■ **Required action**:
Repeat the listing exactly, line by line.

■ **Material shown**:
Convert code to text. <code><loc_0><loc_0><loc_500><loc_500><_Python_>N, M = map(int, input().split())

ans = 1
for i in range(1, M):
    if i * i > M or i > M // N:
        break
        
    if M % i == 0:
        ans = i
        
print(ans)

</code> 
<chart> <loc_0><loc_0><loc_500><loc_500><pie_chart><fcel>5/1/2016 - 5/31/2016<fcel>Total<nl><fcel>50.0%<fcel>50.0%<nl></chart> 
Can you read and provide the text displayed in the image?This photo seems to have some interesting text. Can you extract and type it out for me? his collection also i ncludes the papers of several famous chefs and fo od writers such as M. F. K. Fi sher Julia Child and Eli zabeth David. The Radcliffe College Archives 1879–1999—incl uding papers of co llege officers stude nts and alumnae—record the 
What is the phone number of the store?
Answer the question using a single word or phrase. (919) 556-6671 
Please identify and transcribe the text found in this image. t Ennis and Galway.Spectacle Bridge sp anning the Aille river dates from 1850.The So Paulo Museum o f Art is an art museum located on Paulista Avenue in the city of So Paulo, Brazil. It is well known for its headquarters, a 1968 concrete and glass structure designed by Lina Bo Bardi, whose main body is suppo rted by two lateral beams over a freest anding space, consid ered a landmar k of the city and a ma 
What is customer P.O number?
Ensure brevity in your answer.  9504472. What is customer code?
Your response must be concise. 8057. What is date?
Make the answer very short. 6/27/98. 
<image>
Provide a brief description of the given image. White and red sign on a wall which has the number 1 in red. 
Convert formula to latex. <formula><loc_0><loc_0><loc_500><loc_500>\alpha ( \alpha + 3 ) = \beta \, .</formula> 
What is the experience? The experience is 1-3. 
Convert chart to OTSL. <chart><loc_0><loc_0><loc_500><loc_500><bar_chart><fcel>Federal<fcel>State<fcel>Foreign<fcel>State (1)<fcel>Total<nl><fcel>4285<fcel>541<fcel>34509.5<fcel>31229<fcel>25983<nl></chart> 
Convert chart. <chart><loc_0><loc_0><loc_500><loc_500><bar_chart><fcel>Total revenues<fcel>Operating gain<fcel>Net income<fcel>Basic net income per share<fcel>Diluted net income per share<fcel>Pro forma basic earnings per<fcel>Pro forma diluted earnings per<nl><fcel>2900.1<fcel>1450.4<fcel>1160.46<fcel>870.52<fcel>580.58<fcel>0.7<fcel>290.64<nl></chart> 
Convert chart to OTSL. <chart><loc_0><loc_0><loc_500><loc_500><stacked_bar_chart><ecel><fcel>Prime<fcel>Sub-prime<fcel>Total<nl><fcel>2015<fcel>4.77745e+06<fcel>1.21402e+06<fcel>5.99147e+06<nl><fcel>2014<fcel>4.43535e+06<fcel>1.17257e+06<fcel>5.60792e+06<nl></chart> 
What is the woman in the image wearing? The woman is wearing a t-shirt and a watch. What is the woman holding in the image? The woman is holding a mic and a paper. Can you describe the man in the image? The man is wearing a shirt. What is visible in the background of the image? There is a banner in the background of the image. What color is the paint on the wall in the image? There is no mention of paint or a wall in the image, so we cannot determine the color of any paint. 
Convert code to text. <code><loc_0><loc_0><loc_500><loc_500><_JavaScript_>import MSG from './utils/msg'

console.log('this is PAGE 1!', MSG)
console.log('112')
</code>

■ **Response to this exercise**:
Convert code to text. <code><loc_0><loc_0><loc_500><loc_500><_Python_>N, M = map(int, input().split())

ans = 1
for i in range(1, M):
    if i * i > M or i > M // N:
        break
        
    if M % i == 0:
        ans = i
        
print(ans)

</code> 
<chart> <loc_0><loc_0><loc_500><loc_500><pie_chart><fcel>5/1/2016 - 5/31/2016<fcel>Total<nl><fcel>50.0%<fcel>50.0%<nl></chart> 
Can you read and provide the text displayed in the image?This photo seems to have some interesting text. Can you extract and type it out for me? his collection also i ncludes the papers of several famous chefs and fo od writers such as M. F. K. Fi sher Julia Child and Eli zabeth David. The Radcliffe College Archives 1879–1999—incl uding papers of co llege officers stude nts and alumnae—record the 
What is the phone number of the store?
Answer the question using a single word or phrase. (919) 556-6671 
Please identify and transcribe the text found in this image. t Ennis and Galway.Spectacle Bridge sp anning the Aille river dates from 1850.The So Paulo Museum o f Art is an art museum located on Paulista Avenue in the city of So Paulo, Brazil. It is well known for its headquarters, a 1968 concrete and glass structure designed by Lina Bo Bardi, whose main body is suppo rted by two lateral beams over a freest anding space, consid ered a landmar k of the city and a ma 
What is customer P.O number?
Ensure brevity in your answer.  9504472. What is customer code?
Your response must be concise. 8057. What is date?
Make the answer very short. 6/27/98. 
<image>
Provide a brief description of the given image. White and red sign on a wall which has the number 1 in red. 
Convert formula to latex. <formula><loc_0><loc_0><loc_500><loc_500>\alpha ( \alpha + 3 ) = \beta \, .</formula> 
What is the experience? The experience is 1-3. 
Convert chart to OTSL. <chart><loc_0><loc_0><loc_500><loc_500><bar_chart><fcel>Federal<fcel>State<fcel>Foreign<fcel>State (1)<fcel>Total<nl><fcel>4285<fcel>541<fcel>34509.5<fcel>31229<fcel>25983<nl></chart> 
Convert chart. <chart><loc_0><loc_0><loc_500><loc_500><bar_chart><fcel>Total revenues<fcel>Operating gain<fcel>Net income<fcel>Basic net income per share<fcel>Diluted net income per share<fcel>Pro forma basic earnings per<fcel>Pro forma diluted earnings per<nl><fcel>2900.1<fcel>1450.4<fcel>1160.46<fcel>870.52<fcel>580.58<fcel>0.7<fcel>290.64<nl></chart> 
Convert chart to OTSL. <chart><loc_0><loc_0><loc_500><loc_500><stacked_bar_chart><ecel><fcel>Prime<fcel>Sub-prime<fcel>Total<nl><fcel>2015<fcel>4.77745e+06<fcel>1.21402e+06<fcel>5.99147e+06<nl><fcel>2014<fcel>4.43535e+06<fcel>1.17257e+06<fcel>5.60792e+06<nl></chart> 
What is the woman in the image wearing? The woman is wearing a t-shirt and a watch. What is the woman holding in the image? The woman is holding a mic and a paper. Can you describe the man in the image? The man is wearing a shirt. What is visible in the background of the image? There is a banner in the background of the image. What color is the paint on the wall in the image? There is no mention of paint or a wall in the image, so we cannot determine the color of any paint. 
Convert code to text. <code><loc_0><loc_0><loc_500><loc_500><_JavaScript_>import MSG from './utils/msg'

console.log('this is PAGE 1!', MSG)
console.log('112')
</code>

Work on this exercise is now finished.